This bowl of all bowls
From the earth-woman-fire kiln of Lyla, this bowl comes to me with a blessing; a ceramic blue circle of sparkling glaze made partly with a dash of Whidbey Island soil. The bowl includes a happy pattern of white circus swirls over swaths of blue and gold.
I’m no poet. I’m no holy word stringer who can sing this object beyond its already beauty.

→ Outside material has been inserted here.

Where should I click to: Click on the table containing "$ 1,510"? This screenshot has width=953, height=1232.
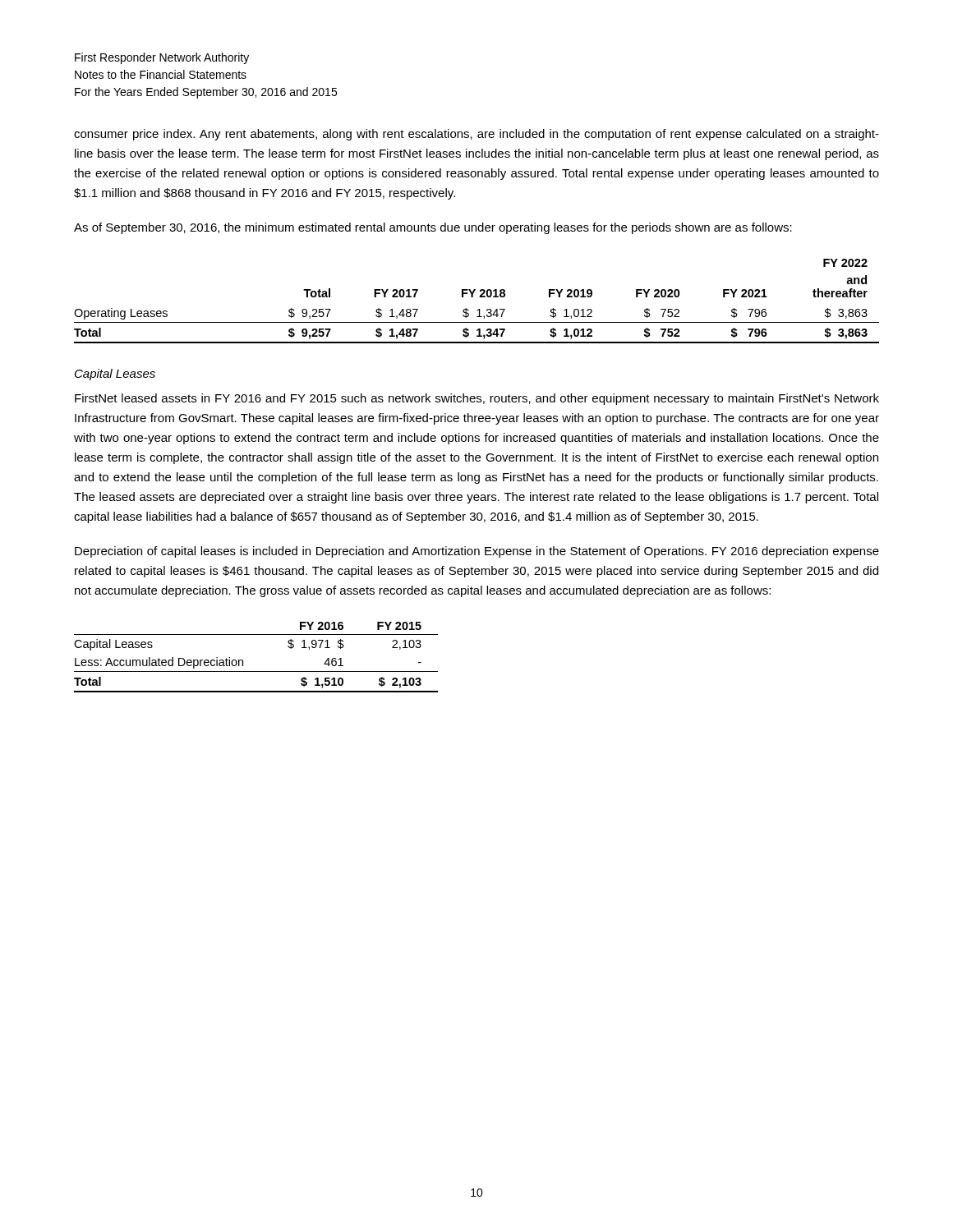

I can only put it down here in my kitchen, find fruit for it, fill it with garlic-laced spaghetti or rosemary chicken; or with muffins still hot and soft, their orange cardamom redolence luring my family down from ivory towers.
Though its dip is shallow, my visitor bowl goes deep and holds histories of bananas and summer peaches, stories of bread and cheese, the poetry of buttery corn on the cob, the oft-told tale of nourishment around a table made from the sweaty dedication of farmers.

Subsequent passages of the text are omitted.